The Zola in Zola is not so daring, opinionated or expressive. In tweets, Zola often launched in all caps. In the film, Zola sinks into stunned silences. As a narrator, she is exhausted, overwhelmed by the benefits of hindsight. As the protagonist of contemporary progression, she seems to be embarking on the Tampa road trip despite her introversion and better judgment. She’s too beautiful to share a Jeep Wrangler with these people. Offer an alternative motivation for Zola to join Stefani on the journey to the peak of cell service, Zola reinvents the fateful introduction as a cute encounter – Zola and Stefani exchanging obsessive looks and heart emojis until Stefani, Derek, and X start racking up betrayals.
I’m sure many viewers will see the film with little to no familiarity with the original thread. But the rest of us know how this story unfolds, and so ZolaThe heightened apprehension seems destined to restore our own.
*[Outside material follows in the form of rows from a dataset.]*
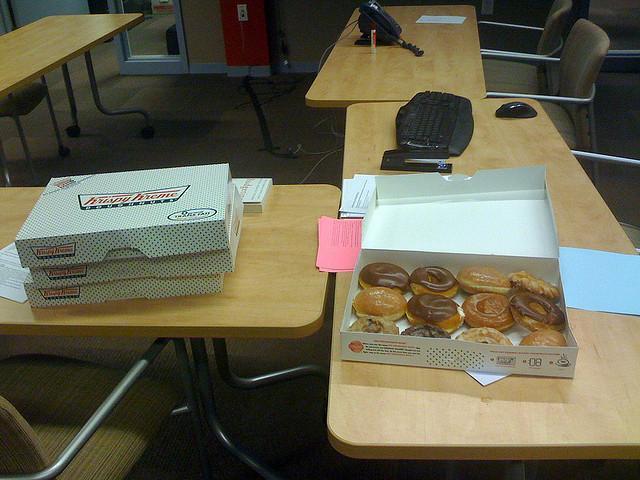Who is a competitor of this company?
Select the accurate response from the four choices given to answer the question.
Options: Dunkin donuts, nathans, office max, home depot. Dunkin donuts. 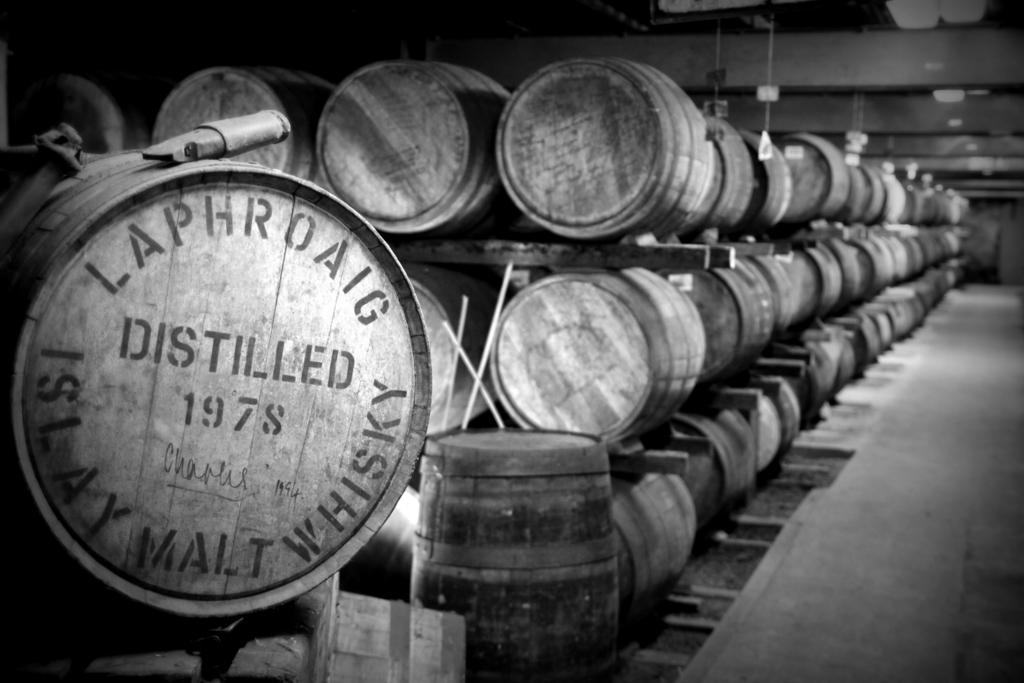What is the color scheme of the image? The image is black and white. What objects can be seen in the image? There are barrels in the image. How are the barrels arranged? The barrels are on racks. Is there any text or markings on the barrels? Yes, there is writing on the barrels. What type of cake is being served on a bike in the image? There is no cake or bike present in the image; it features black and white barrels with writing on them. 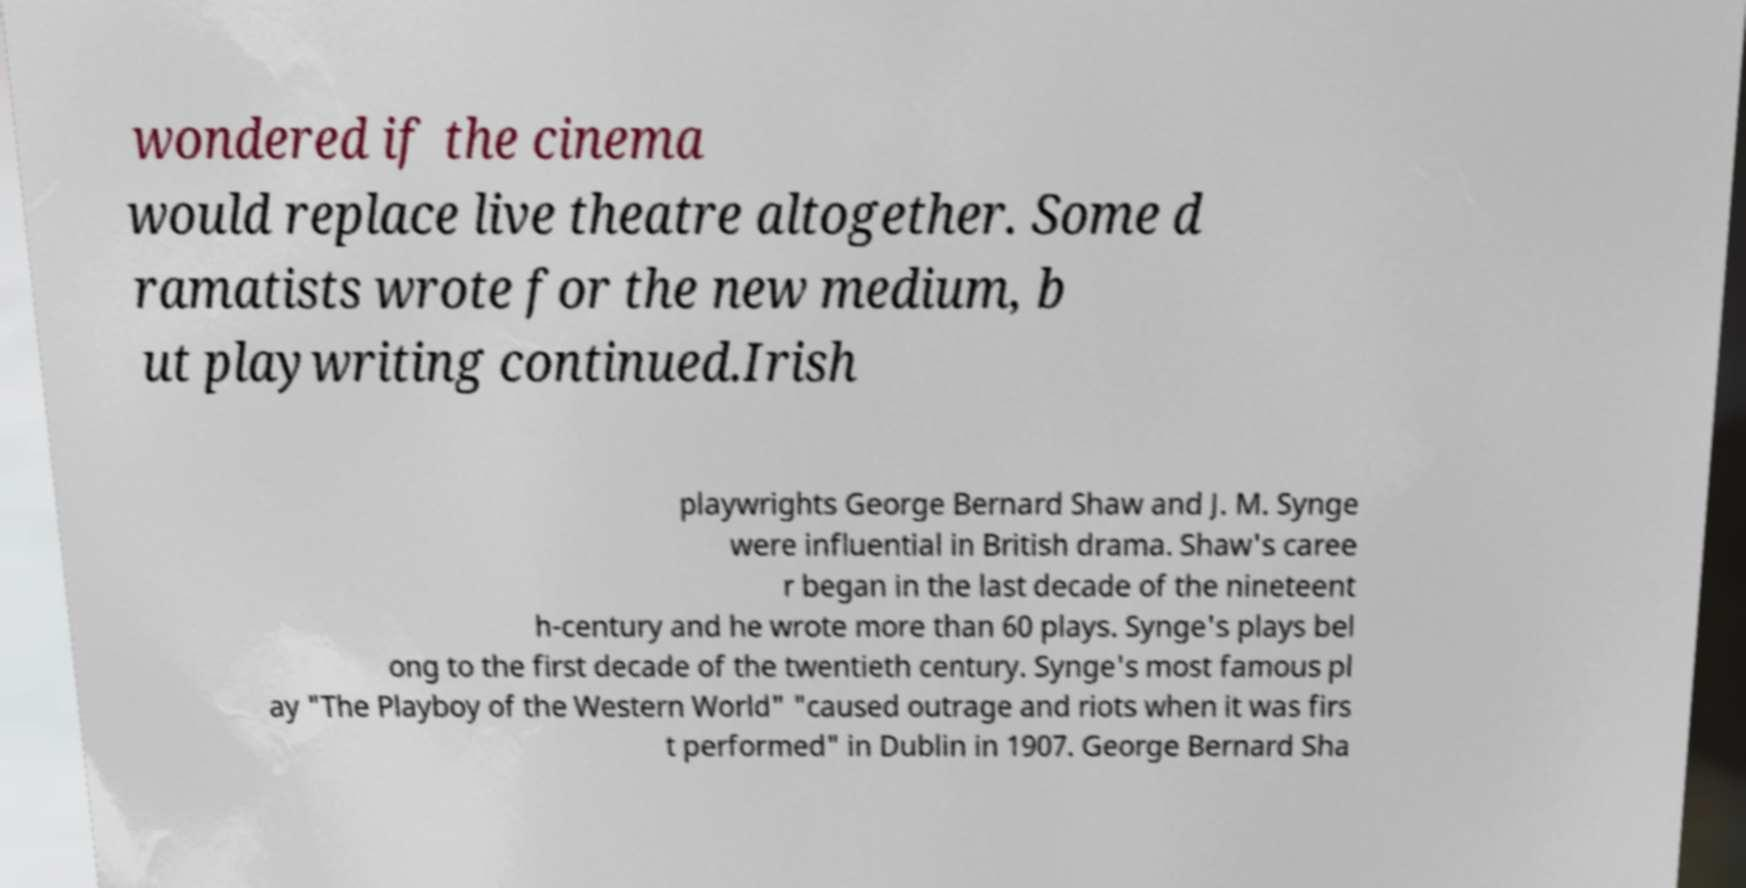Please read and relay the text visible in this image. What does it say? wondered if the cinema would replace live theatre altogether. Some d ramatists wrote for the new medium, b ut playwriting continued.Irish playwrights George Bernard Shaw and J. M. Synge were influential in British drama. Shaw's caree r began in the last decade of the nineteent h-century and he wrote more than 60 plays. Synge's plays bel ong to the first decade of the twentieth century. Synge's most famous pl ay "The Playboy of the Western World" "caused outrage and riots when it was firs t performed" in Dublin in 1907. George Bernard Sha 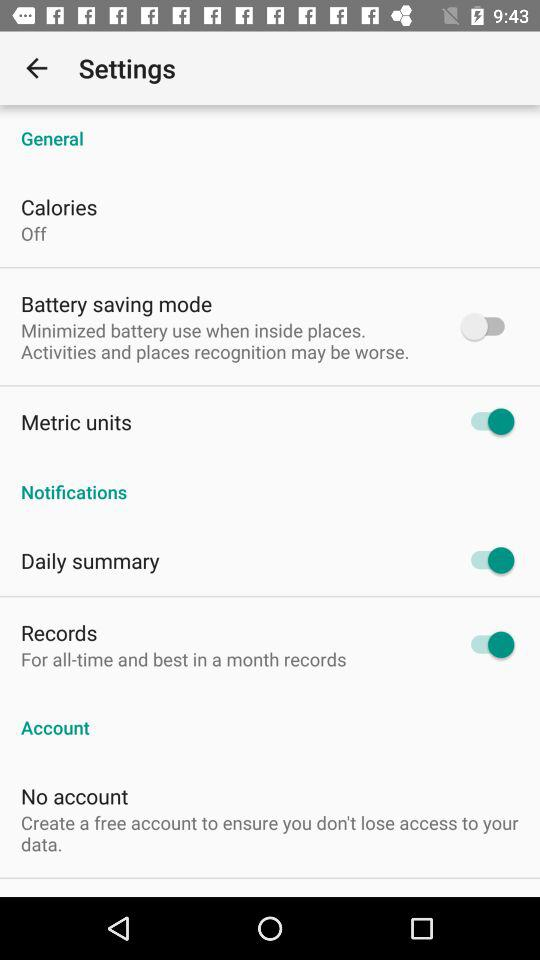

It’s, despite my nit-picking about tonal disparities, an overall smart move to pack it down. It’s harder (but not impossible) to imagine this version of Zola continuing to post 148 consecutive tweets written with easy disrespect about this ordeal. Zola transforms Zola into an ordinary woman and thus leaves room for the average viewer to inhabit the situation. Can you even begin to imagine how you would survive this bullshit? You would be speechless, too. You would see a therapist for years after the fact, and you certainly wouldn’t want to tweet a great American memoir within the applicable statute of limitations. The other characters are more faithful to the original narrative, although the names are changed: X (Colman Domingo) is a charming but ruthless bogeyman; Derek (Nicholas Braun) is a nervous wreck; local con artist Dion (Jason Mitchell) is a supreme heel; and Stefani is both cursed and the curse itself.
After looking at the inconsistencies in Zola’s characterization, it may seem appropriate to note some plot differences between the tweets and the film. But the common thread, while true to reality, flourished through creative licensing. Some readers doubted his account, so Zola then provided time stamps and other forensic analysis. But most users, I guess, understood that his formidable real-time literary mastery was his genuine and unmistakable distinction. This is what made her story worthy of a Hollywood adaptation although it needed to lose the crucial, improvised magic of its original narrative.
Again, Zola done just by the storyteller, his material and the original medium of its broadcast. It leaves you wondering how these characters manage to not only survive, but enjoy long enough and long enough to turn their death wishes into a lifestyle blanket. “I’ve made people who probably wouldn’t want to hear a sex trafficking story want to be part of it,” Zola said. Rolling stone. Zola doubles this invitation and leaves the nitpicking to the birds.